Thursday, November 8, 2012

My Cub

An excerpt from an article originally published in the Daily Mail UK, online, 9/26/11

Clinging on for dear life to the side of a vertical cliff, the tiny lion cub cries out pitifully for help.  His mother arrives at the edge of the precipice with three other lionesses and a male. The females start to clamber down together but turn back daunted by the sheer drop.
Eventually one single factor determines which of them will risk her life to save the youngster – motherly love.

Slowly, agonizingly  the big cat edges her way down towards her terrified son, using her powerful claws to grip the crumbling cliff side. One slip from her and both animals could end up dead at the bottom of the ravine.
Just as the exhausted cub seems about to fall, his mother circles beneath him and he is snatched up in her jaws. She then begins the equally perilous journey back to the top. 

Minutes later, they arrive and she gives the frightened creature a consoling lick on the head. 

Go on, grab a Kleenex.  Nature is such a powerful teacher.  If I'm being very honest, sometimes I'm afraid that I'm messing this whole motherhood thing up.  Should I be spending more time with him?  Should I be scolding him in different ways?  He's not even 2 yet so he can't always find the words to communicate with me and I sometimes imagine this silent scream (which is not often silent) coming from within him out of frustration that I just don't get it.

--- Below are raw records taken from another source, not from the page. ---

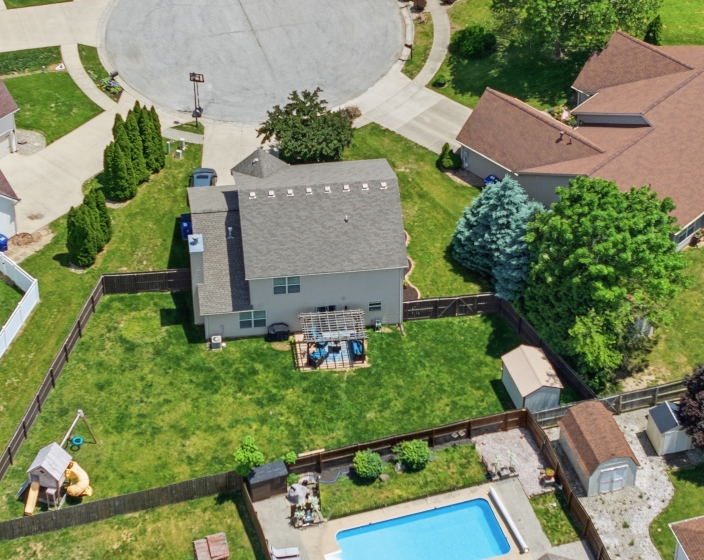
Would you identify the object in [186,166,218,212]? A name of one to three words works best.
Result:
car
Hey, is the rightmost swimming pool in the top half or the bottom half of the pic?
bottom
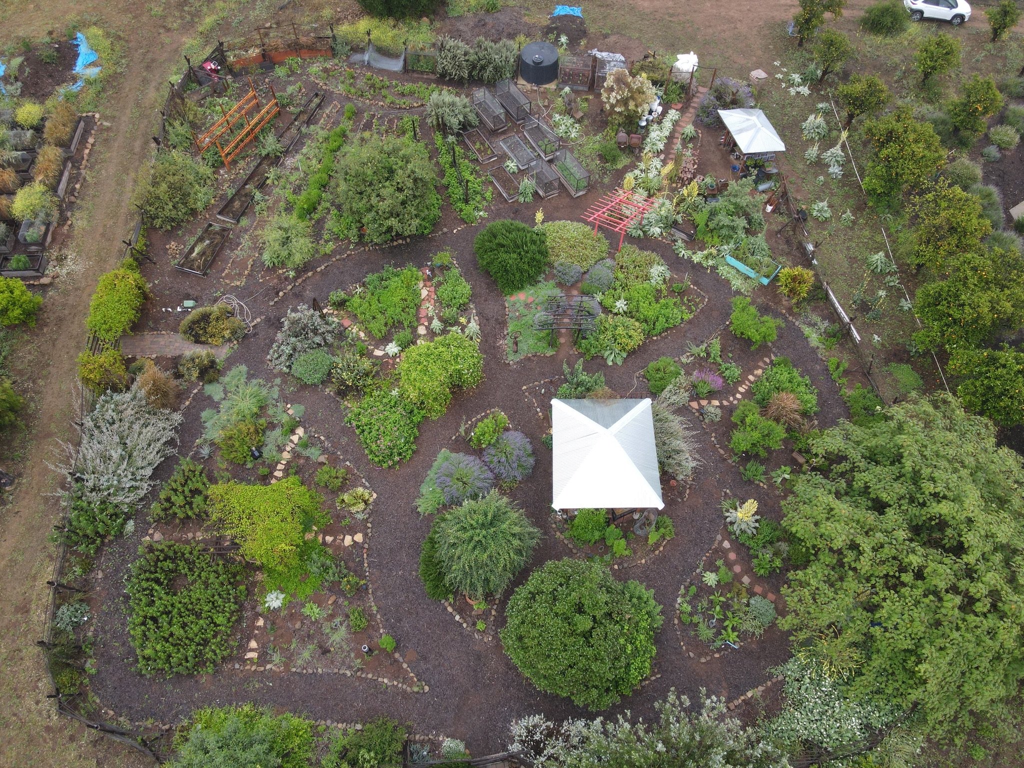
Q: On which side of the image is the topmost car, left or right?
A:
right
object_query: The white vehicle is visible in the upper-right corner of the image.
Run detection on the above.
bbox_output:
[908,0,978,28]
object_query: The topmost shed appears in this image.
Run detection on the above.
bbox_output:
[714,108,788,180]
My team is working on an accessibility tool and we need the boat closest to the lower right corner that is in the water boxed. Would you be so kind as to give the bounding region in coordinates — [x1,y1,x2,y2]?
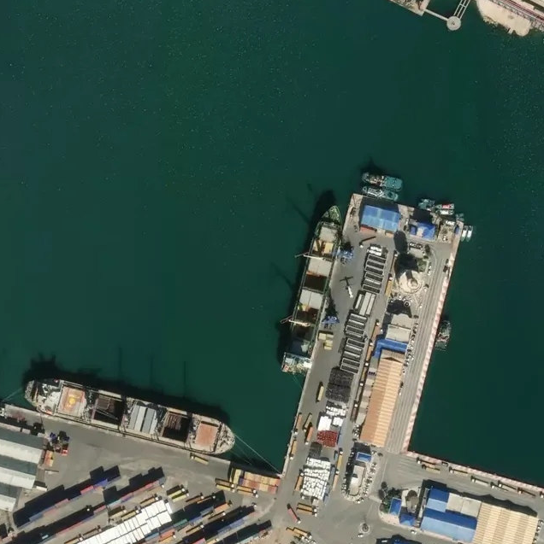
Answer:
[434,321,451,352]
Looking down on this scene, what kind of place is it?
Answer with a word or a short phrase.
port
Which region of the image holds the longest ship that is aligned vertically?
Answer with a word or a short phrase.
center
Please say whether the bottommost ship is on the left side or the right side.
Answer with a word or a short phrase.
left
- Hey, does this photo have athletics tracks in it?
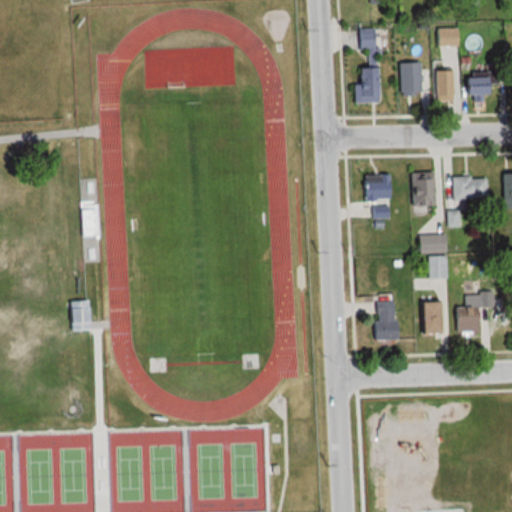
Yes
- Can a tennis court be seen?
Yes
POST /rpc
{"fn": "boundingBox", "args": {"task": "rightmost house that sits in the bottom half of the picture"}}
[456,290,496,338]
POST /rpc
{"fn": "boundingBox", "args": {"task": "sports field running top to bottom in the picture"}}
[120,30,274,402]
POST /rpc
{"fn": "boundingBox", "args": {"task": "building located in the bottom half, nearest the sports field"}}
[71,300,92,332]
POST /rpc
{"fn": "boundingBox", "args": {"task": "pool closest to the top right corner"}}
[464,34,483,54]
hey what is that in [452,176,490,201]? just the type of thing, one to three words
house
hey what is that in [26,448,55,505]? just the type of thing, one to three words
tennis court
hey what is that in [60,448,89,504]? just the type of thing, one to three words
tennis court
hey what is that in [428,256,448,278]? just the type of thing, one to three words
building
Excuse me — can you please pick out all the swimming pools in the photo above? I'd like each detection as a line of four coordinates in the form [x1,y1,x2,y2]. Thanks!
[410,44,422,56]
[464,34,483,54]
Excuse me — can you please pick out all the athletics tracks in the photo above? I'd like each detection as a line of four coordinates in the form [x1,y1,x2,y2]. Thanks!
[97,9,298,422]
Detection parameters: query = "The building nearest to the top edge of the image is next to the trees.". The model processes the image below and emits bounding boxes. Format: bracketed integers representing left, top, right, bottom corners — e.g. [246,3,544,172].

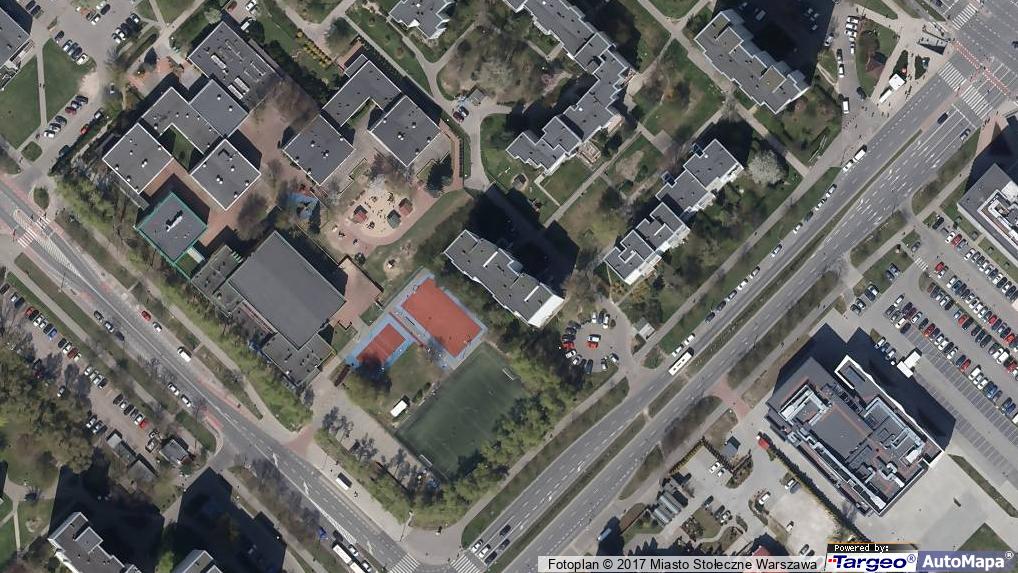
[390,0,451,44]
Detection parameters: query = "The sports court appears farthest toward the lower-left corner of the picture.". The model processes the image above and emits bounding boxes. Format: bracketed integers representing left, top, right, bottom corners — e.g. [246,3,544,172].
[345,313,415,378]
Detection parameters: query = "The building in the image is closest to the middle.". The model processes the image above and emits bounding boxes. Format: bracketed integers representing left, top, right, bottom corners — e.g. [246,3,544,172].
[444,230,560,327]
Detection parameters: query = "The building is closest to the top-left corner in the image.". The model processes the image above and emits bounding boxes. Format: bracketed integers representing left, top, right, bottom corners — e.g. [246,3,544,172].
[0,5,35,90]
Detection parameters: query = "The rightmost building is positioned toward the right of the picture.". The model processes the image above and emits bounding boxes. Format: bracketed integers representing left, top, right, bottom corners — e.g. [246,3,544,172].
[954,164,1018,268]
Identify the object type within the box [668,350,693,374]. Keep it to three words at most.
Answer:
bus
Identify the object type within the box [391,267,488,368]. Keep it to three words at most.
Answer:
sports court
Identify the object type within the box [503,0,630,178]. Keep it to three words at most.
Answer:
building
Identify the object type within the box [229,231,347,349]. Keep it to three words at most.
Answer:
building
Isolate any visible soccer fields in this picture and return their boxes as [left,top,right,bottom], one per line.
[396,342,534,482]
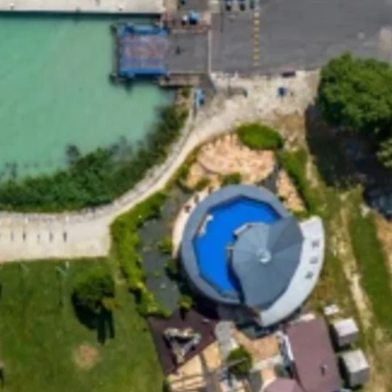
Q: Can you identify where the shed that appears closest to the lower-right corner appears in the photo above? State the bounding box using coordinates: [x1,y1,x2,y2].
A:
[338,349,369,387]
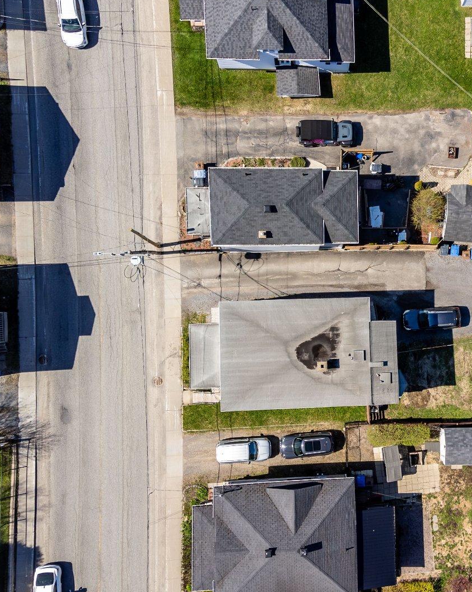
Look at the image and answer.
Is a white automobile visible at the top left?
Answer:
Yes
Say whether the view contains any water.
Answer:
No
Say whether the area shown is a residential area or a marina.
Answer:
residential area
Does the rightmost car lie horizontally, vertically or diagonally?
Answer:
horizontally
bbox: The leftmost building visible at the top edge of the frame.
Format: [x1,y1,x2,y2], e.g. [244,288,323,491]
[178,0,356,104]
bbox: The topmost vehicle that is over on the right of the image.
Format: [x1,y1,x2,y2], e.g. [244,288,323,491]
[298,118,353,146]
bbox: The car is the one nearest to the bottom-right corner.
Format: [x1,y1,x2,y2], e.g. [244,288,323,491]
[278,430,336,459]
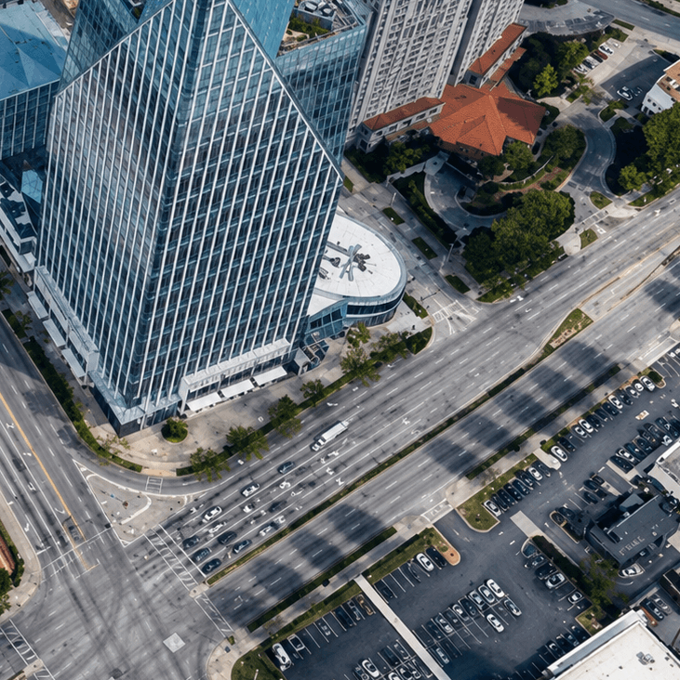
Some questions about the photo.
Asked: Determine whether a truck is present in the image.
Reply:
Yes
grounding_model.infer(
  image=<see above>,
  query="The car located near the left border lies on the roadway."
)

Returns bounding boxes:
[10,454,27,476]
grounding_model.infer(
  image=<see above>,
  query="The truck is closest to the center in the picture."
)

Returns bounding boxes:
[311,413,352,450]
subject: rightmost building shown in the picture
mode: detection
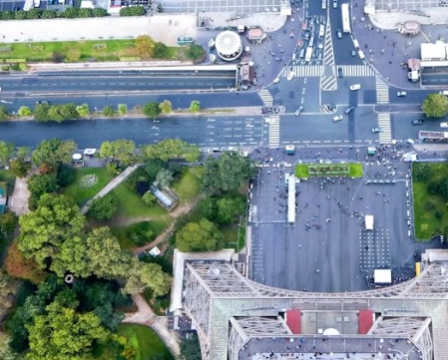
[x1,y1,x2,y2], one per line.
[421,40,448,60]
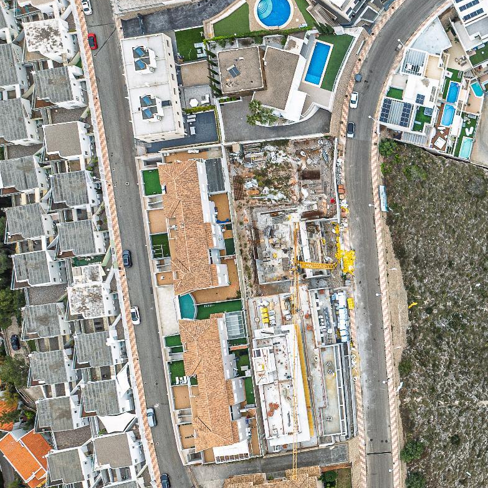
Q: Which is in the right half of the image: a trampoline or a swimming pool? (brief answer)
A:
swimming pool
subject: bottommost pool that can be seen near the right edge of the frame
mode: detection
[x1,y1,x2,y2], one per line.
[459,137,474,158]
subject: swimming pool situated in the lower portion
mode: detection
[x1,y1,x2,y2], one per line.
[179,293,196,321]
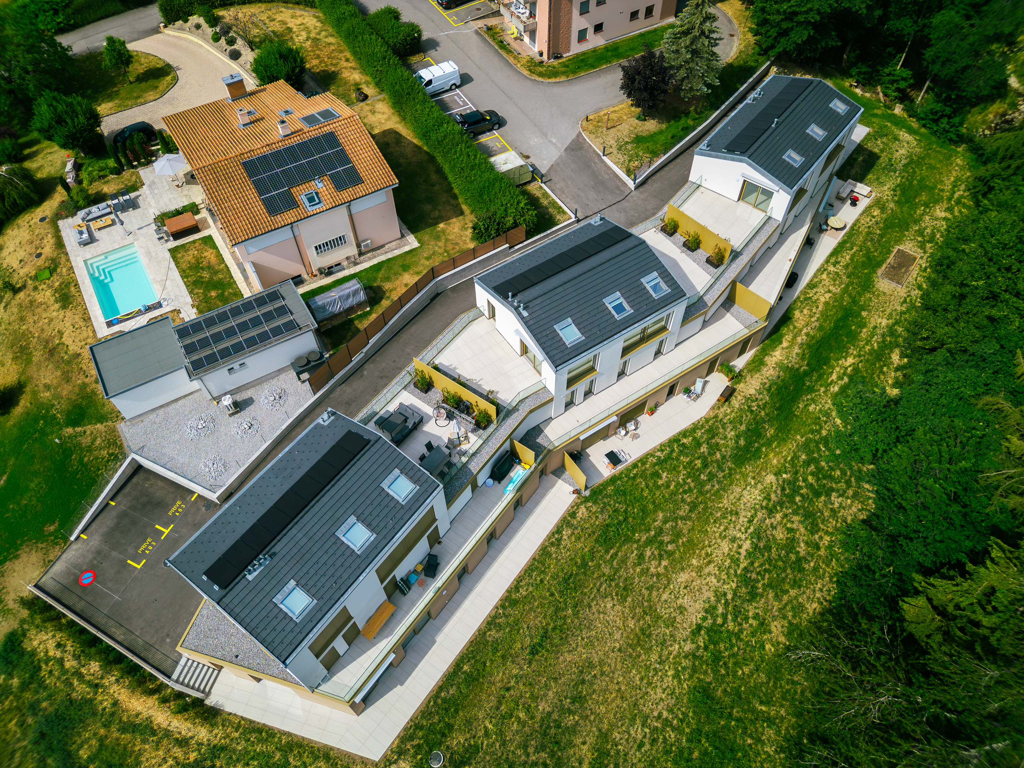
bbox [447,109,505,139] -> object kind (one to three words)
car
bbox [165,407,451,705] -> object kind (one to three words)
building
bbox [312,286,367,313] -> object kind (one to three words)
greenhouse
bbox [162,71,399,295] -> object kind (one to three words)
house
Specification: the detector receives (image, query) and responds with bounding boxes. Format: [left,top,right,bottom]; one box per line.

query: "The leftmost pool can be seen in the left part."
[84,243,162,328]
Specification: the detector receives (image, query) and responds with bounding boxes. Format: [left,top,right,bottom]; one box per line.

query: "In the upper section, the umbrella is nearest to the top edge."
[152,156,190,187]
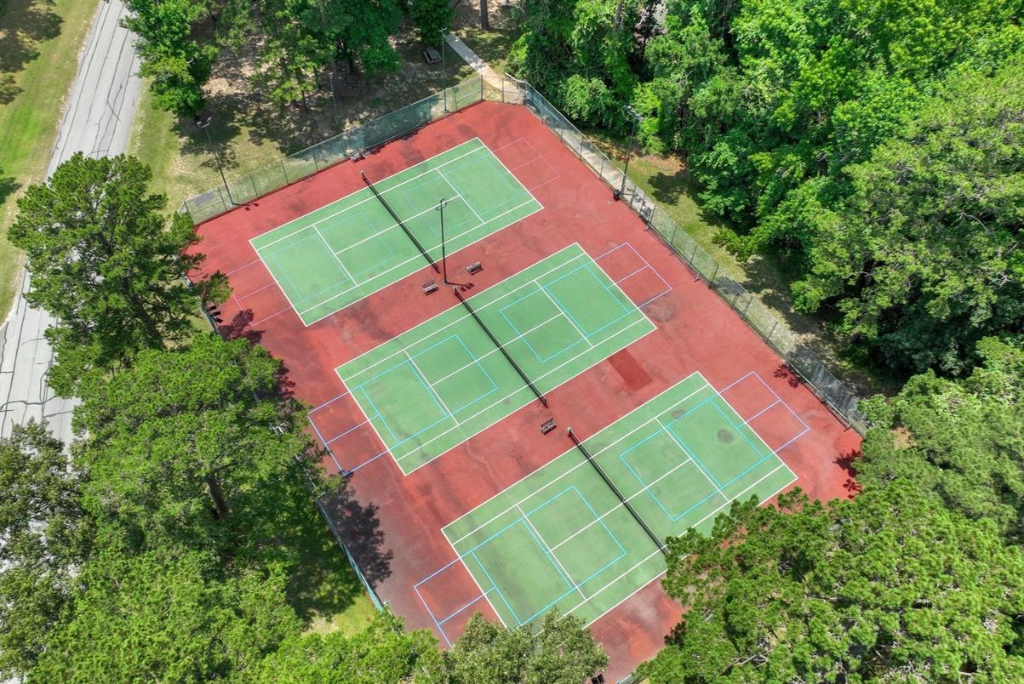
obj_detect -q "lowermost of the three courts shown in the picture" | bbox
[414,372,809,663]
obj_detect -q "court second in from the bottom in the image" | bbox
[309,243,672,476]
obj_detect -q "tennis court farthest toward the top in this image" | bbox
[222,138,561,326]
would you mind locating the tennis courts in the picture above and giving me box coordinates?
[309,243,672,476]
[414,372,809,663]
[222,138,561,326]
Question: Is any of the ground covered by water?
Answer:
No
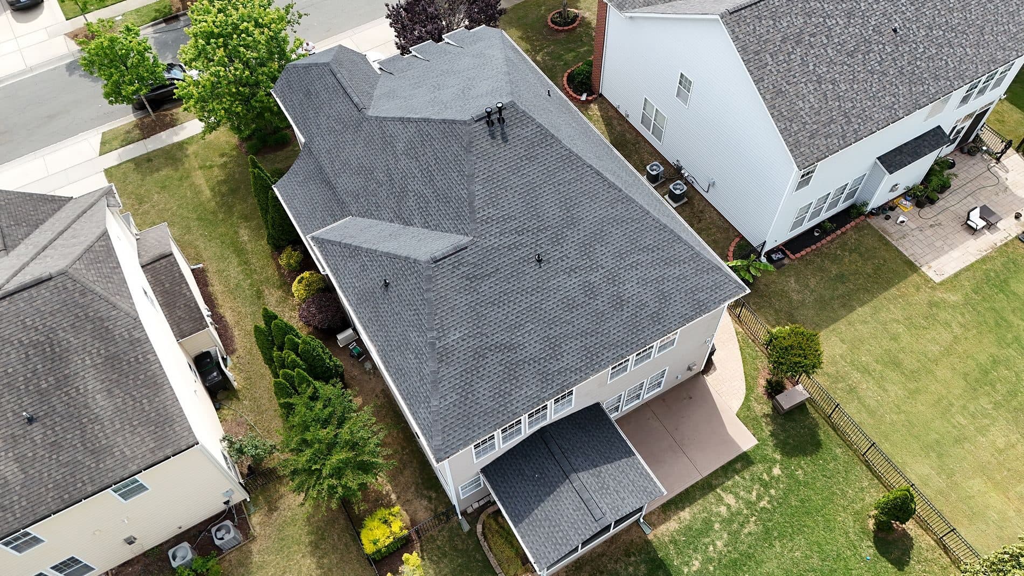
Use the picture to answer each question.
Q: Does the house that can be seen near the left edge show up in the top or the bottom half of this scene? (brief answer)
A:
bottom
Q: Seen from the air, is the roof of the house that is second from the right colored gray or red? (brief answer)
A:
gray
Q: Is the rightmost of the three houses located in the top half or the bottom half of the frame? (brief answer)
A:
top
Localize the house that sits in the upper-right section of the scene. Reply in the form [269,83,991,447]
[592,0,1024,257]
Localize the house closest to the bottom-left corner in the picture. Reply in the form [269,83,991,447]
[0,184,249,576]
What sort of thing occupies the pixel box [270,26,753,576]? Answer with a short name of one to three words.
house
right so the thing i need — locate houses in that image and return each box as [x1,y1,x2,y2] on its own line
[592,0,1024,257]
[0,184,249,576]
[270,26,753,576]
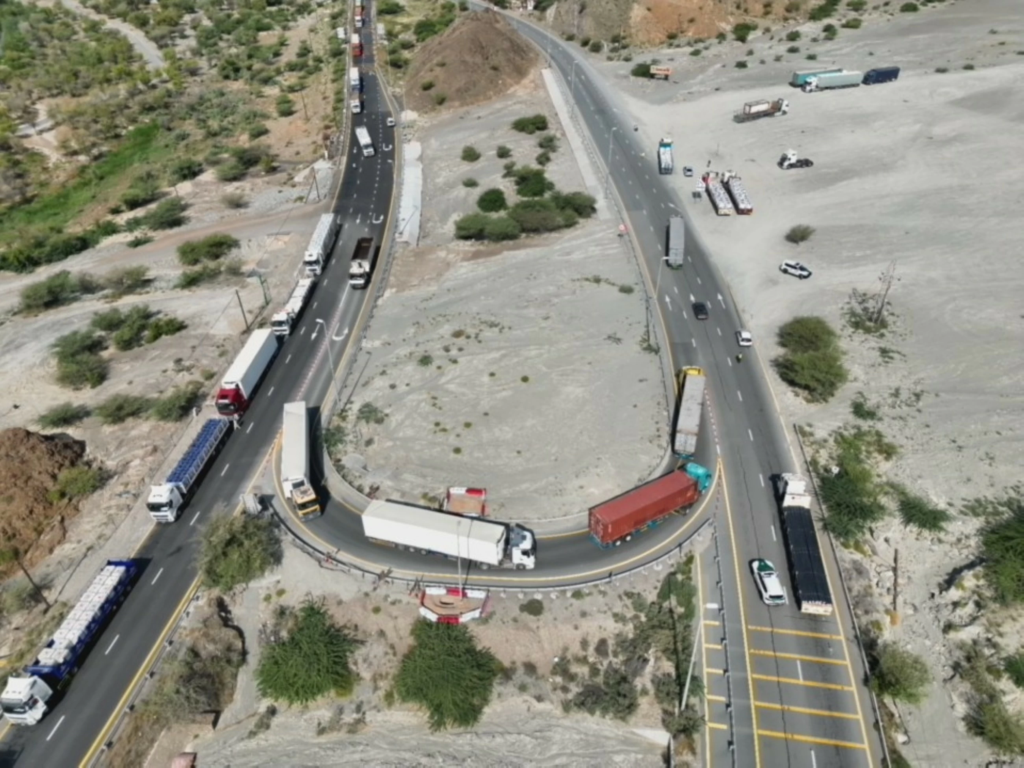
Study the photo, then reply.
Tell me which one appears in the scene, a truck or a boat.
truck
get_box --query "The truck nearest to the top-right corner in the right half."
[860,66,902,87]
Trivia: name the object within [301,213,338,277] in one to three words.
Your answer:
truck
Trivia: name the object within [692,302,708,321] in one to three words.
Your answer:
car
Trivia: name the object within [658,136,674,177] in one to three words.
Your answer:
vehicle
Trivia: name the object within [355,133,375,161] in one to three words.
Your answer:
vehicle
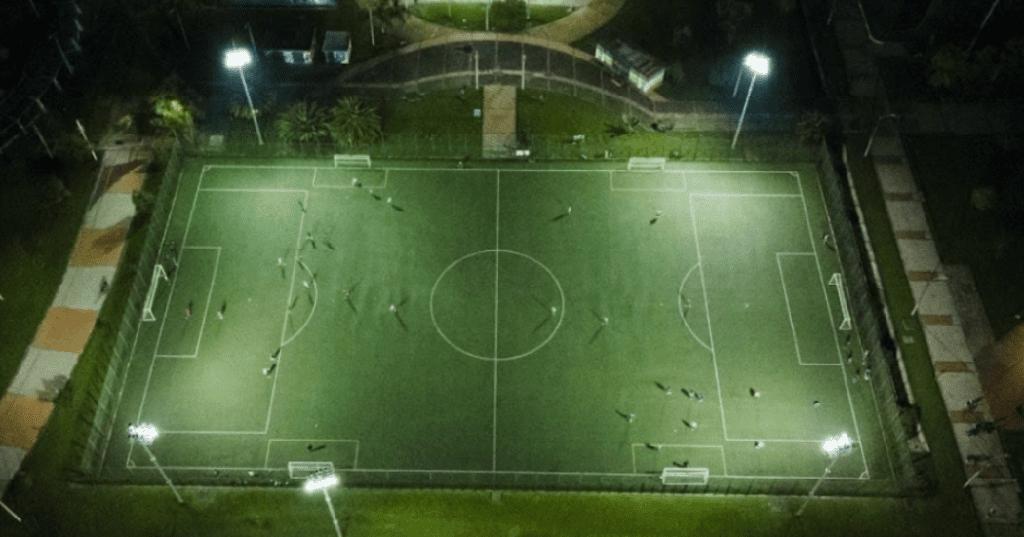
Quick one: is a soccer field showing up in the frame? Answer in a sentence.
Yes, the picture does show a soccer field.
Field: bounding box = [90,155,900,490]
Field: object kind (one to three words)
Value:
soccer field
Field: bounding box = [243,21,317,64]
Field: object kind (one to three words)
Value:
building
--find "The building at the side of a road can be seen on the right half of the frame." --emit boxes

Mama said there'd be days like this

Last night Jack woke up in a fit of screaming.  He's getting his 2 year molars in and I can only imagine the agony.  In a reverse of the mother lion I ascended the cliff, otherwise known as our stairs and found my cub.  I brought him back downstairs to sleep with us in our bed.  Eventually, this amounts to his feet digging into Trevor's back and his skull nestled in between my shoulder blades.  From an aerial point of view, we make a big letter H.

Happy haphazard harbor

Trevor and I have oft repeated the parental mantra, "he won't be this little forever" and we wearily tell this to each other as we lay there preparing for what will be a long night.  Before Jack begins his bedtime break dance routine I feel his little warm body nestled against mine.

"Is he spooning me?" I ask.

"Ha. Yeah." says Trevor.

"Good." I reply.

I can't always be with my cub.  That's what separates us from the mother lions I suppose. Because I'd descend any cliff to rescue him, that's for sure.  So I think about the ways I am there for him and the times I do make sacrifices for him and that brings me some comfort even when I lose sleep.  I know that someday Jack will be making me lose sleep when he's not under my roof, when he's far, far away at school or work or with his own family.  I'll lose sleep in a warm bed with lots of room to roll around because he's no longer here.  So I will allow myself to lose sleep knowing that his little body is next time mine breathing and dreaming.  

And every new day is a fresh start as a mom.  I'll mess things up, I'll make things right.  I'll feel alternately racked with guilt and bursting with pride at the choices I make and the wonder that is my son.

And I know that he won't be this little forever, but he will always be my cub.

Incidentally, I can also tell you another thing that separates us from the lions.  Here's one last photo from that article.  Notice the three lionesses and the one clearly enlightened male lion attempting to climb down the cliff?  Notice the other male Lion relaxing off to the side?  Most likely thinking of his next hunt or the upcoming presidential election between Simba and Timon.  Well that ain't our daddy lion.  Before I ascended those stairs last night, Trevor had already gone up and I found him holding our cub whispering in Jack's ear as tears streamed down those tiny cheeks that everything would be alright.

With a pride like that, there's no way we'll mess this up.

"Looks like they have a good handle on the situation."